The ones I am talking about are not in any fuse box but a few inches away from both the starter and leisure batteries on mine. These are as per original install by Geist/LMC and not an add on as I first thought. Mine has two wires and a double, piggy back fuse holder each end. From memory the 50A fuses do the split charging and the 2A fuses are for the Schaudt EBL control system.
If either of the 50A or 2A fuses failed the split charge didn’t work. On mine the split charge relay is inside the Schaudt unit and the 2A switches the relay I believe. As yours is different the two sets of fuses may be separate also so may be harder to locate. Good luck


----------



## Harrytherid (Dec 19, 2022)

Thanks Nabism.  Does anyone know what is the red plastic thingy, looks like a fuse but it is plastic over the top of the battery under the floor on the passenger side of the 2007 Ducato (driver side of my LHD)


----------



## yeoblade (Dec 19, 2022)

Harrytherid said:


> Thanks Nabism.  Does anyone know what is the red plastic thingy, looks like a fuse but it is plastic over the top of the battery under the floor on the passenger side of the 2007 Ducato (driver side of my LHD)


Not until you show us a picture of it!


----------



## witzend (Dec 19, 2022)

yeoblade said:


> Not until you show us a picture of it!


is this the one


----------



## yeoblade (Dec 19, 2022)

witzend said:


> is this the one
> 
> 
> View attachment 116119


Exactly the  same as mine. I think it just screws down terminal/fuse block to the battery.

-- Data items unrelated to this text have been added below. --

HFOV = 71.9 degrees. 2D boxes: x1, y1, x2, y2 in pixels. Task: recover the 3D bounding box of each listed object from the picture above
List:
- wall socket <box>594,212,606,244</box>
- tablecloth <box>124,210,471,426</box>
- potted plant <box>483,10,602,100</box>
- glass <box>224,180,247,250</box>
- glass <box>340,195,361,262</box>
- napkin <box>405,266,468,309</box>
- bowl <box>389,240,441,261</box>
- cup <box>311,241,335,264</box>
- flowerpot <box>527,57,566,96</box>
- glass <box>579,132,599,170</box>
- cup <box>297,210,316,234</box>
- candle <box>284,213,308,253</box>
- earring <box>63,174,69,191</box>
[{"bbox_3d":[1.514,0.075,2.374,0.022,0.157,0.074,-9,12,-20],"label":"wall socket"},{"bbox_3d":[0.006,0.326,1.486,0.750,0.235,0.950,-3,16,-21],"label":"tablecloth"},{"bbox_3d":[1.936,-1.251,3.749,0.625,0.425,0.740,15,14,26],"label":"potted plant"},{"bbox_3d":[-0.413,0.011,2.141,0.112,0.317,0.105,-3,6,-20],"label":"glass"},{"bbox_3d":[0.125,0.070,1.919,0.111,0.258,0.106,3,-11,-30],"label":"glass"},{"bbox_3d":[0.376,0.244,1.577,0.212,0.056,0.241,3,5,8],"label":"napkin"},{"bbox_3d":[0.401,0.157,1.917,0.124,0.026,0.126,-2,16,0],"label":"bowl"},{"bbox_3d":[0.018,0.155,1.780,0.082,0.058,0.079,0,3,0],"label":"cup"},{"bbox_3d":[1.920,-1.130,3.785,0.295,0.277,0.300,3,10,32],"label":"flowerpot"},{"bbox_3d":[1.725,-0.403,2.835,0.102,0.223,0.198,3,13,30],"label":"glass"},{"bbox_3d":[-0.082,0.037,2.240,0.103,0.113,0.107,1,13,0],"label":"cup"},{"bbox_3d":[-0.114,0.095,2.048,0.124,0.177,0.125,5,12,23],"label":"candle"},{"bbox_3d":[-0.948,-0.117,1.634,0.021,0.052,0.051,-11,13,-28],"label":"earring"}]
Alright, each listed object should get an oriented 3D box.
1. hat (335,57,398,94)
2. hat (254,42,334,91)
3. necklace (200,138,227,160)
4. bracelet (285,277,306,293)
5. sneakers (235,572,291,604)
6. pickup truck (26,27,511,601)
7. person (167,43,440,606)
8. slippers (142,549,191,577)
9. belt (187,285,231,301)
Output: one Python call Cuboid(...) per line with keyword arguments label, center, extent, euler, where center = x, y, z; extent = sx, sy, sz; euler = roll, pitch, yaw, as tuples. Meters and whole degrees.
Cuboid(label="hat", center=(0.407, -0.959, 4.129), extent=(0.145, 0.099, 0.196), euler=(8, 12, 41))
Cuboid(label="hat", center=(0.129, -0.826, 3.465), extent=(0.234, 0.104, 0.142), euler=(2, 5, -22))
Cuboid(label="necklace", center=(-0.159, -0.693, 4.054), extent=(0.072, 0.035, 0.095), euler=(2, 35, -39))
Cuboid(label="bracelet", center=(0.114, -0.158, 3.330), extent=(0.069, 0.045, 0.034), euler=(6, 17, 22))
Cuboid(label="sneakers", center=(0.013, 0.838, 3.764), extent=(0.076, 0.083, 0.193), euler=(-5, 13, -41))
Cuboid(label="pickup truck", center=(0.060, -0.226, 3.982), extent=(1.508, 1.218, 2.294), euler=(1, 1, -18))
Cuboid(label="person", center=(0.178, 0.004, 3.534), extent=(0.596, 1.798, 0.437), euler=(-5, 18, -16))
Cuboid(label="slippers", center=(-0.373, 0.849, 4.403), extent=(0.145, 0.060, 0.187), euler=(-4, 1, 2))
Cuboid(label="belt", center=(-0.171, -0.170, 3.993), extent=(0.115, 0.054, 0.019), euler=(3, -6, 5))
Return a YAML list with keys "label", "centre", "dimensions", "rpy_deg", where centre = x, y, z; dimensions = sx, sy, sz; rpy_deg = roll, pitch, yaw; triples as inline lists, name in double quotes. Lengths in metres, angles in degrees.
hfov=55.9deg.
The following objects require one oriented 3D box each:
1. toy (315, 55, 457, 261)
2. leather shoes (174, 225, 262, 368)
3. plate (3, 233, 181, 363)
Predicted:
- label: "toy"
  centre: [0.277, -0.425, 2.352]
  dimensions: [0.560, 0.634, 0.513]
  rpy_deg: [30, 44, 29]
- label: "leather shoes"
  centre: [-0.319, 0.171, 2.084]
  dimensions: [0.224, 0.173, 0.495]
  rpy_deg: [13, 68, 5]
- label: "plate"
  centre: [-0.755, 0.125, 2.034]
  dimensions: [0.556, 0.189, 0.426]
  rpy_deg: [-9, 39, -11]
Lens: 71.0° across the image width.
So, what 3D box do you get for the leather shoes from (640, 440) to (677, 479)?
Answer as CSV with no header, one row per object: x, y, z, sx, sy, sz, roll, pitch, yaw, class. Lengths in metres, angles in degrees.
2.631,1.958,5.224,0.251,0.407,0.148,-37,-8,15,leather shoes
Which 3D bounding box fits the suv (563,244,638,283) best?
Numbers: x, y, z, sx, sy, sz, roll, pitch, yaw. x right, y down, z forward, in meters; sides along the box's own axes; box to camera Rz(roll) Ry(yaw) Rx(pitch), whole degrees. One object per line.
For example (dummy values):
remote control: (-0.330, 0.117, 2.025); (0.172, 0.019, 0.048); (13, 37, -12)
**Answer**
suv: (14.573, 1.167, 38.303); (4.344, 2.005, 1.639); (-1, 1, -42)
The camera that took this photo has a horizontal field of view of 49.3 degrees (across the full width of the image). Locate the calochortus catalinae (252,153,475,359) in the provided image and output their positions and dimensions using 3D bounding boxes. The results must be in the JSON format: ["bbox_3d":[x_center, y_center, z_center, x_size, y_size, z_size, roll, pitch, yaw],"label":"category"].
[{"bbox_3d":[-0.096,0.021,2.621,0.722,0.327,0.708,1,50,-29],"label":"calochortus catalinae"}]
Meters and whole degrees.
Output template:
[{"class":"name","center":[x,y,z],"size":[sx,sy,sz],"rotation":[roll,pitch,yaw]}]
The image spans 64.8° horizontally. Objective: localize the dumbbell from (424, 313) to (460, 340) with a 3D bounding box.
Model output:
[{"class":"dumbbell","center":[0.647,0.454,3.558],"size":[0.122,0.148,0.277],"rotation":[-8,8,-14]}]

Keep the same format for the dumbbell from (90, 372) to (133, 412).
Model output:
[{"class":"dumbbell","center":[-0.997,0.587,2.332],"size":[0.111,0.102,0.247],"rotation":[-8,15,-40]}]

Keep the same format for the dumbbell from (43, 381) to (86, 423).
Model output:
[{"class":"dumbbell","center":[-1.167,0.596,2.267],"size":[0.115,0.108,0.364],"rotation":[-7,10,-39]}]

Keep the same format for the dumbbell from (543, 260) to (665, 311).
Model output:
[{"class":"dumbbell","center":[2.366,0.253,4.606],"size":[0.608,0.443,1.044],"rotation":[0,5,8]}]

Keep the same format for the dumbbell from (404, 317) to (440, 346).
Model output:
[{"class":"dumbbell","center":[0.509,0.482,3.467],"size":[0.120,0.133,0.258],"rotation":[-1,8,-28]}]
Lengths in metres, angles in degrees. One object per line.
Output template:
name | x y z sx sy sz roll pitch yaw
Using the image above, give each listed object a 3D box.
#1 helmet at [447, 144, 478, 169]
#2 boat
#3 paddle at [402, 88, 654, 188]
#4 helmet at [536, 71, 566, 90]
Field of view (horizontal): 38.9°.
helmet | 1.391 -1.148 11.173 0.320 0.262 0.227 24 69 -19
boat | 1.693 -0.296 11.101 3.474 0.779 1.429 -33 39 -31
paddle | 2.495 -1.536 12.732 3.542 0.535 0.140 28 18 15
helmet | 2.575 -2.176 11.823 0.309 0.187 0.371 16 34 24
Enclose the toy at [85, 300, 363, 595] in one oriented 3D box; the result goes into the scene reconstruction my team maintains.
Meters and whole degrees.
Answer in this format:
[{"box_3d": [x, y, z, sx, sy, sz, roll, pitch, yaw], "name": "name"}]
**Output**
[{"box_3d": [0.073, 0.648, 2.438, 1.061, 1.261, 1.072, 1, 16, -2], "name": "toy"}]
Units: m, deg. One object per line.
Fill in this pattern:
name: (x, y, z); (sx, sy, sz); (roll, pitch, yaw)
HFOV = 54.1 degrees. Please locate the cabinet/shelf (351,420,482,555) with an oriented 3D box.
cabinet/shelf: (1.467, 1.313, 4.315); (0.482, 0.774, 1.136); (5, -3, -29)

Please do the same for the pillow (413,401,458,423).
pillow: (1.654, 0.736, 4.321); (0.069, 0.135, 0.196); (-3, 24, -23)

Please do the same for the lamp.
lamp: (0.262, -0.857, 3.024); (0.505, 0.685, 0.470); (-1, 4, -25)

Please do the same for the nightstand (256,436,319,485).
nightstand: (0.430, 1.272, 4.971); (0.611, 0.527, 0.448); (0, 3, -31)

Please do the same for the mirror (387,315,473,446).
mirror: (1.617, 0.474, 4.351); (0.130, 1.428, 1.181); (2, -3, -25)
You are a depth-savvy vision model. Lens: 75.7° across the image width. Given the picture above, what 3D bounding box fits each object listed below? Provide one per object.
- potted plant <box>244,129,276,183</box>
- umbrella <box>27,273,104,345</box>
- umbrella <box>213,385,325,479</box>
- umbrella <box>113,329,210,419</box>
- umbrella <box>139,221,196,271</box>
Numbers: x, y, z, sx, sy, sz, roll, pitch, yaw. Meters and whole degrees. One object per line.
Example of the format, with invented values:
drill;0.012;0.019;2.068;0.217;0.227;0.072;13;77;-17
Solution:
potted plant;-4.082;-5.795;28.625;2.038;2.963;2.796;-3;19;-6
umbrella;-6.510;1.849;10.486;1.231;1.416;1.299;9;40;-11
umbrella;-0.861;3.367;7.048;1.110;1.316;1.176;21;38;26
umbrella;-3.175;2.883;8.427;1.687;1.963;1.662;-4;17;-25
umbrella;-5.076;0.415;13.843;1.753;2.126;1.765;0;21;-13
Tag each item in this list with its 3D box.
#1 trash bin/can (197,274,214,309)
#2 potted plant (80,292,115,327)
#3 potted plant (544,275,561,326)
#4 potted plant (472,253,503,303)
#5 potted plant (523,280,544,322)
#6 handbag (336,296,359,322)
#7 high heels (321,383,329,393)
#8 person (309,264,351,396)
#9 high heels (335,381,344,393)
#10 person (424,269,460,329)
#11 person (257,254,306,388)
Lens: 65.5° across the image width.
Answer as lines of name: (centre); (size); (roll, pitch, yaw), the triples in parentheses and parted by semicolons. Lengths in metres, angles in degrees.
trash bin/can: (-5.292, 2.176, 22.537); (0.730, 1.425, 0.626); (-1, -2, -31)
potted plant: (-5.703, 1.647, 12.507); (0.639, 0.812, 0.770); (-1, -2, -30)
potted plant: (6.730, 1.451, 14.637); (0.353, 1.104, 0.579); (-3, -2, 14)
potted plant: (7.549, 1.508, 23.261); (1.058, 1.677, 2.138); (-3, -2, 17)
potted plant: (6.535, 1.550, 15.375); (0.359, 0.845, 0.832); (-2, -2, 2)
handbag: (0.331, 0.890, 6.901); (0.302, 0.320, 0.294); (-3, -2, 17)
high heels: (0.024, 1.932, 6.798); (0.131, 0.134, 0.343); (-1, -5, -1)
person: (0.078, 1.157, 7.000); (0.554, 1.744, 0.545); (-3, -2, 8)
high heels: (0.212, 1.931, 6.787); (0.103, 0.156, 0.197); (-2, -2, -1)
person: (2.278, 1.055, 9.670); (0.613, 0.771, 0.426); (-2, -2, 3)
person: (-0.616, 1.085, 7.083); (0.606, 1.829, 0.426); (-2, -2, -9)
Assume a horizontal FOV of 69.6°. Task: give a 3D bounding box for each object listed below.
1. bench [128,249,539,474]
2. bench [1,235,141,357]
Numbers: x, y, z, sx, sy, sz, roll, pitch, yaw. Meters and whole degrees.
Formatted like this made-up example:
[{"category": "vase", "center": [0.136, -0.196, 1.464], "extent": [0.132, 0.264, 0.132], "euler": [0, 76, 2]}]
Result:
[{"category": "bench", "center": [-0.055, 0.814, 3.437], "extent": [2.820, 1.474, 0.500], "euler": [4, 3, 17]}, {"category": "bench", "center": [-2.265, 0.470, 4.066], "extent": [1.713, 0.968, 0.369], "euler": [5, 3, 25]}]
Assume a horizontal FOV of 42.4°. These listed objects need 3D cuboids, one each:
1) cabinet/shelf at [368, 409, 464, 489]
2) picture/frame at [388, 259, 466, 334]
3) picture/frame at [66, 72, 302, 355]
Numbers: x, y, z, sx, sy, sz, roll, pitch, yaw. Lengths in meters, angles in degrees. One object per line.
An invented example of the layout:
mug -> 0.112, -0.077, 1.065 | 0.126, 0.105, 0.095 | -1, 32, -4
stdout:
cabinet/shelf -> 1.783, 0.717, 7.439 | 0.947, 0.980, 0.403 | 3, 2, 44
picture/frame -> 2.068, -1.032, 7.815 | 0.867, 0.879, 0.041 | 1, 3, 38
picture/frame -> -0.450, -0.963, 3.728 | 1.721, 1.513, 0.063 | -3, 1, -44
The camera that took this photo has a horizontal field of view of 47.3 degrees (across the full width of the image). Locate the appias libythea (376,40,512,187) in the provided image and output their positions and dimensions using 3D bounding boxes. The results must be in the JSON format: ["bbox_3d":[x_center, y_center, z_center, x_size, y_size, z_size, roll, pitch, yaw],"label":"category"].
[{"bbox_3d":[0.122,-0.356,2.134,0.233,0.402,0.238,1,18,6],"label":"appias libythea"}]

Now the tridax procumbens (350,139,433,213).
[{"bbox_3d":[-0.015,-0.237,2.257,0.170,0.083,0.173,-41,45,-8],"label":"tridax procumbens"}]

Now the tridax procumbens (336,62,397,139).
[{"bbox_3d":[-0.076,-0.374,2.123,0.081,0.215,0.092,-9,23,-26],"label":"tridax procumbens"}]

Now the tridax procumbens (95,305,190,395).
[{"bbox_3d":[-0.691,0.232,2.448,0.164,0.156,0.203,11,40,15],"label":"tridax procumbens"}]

But I did think it a bit elaborate for just that, so I am probably wrong. Red to show it's positive.


----------



## witzend (Dec 19, 2022)

yeoblade said:


> Exactly the  same as mine. I think it just screws down terminal/fuse block to the battery. But I did think it a bit elaborate for just that, so I am probably wrong. Red to show it's positive.


When I changed my battery I couldn't work out what it was for ?


----------



## Harrytherid (Dec 20, 2022)

Yes that is the one, so none of us know what it is for eh?  Seems a bit elaborate for a washer to screw down the terminal block to the battery; it looks like some kind of a fuse but it is plastic! Got me foxed, be nice to know though. Red to show it MUST have some purpose, I don't know.  The Split charge fuse would seem to be one of those beige, brown red and orange blocks on the left.  I replaced one of those when I renewed the battery some time ago.  If my memory serves me right (unlikely these days) it is the red one 50A.


----------



## Harrytherid (Dec 20, 2022)

Cor NOW what has gone wrong, or more probably what am I doing wrong.  Went to move wagon into more favourable position for access to those fuses (too near the garden and Julie's prized plants), checked it was not in gear hit the starter and crank, crank, crank but no firing.  It was going fine through the cold weather when one might have expected problems but it is much warmer now and it refuses to fire.  Battery now on charge for next attempt, any ideas?


----------



## Nabsim (Dec 20, 2022)

Wait and see when battery has been charged I reckon. 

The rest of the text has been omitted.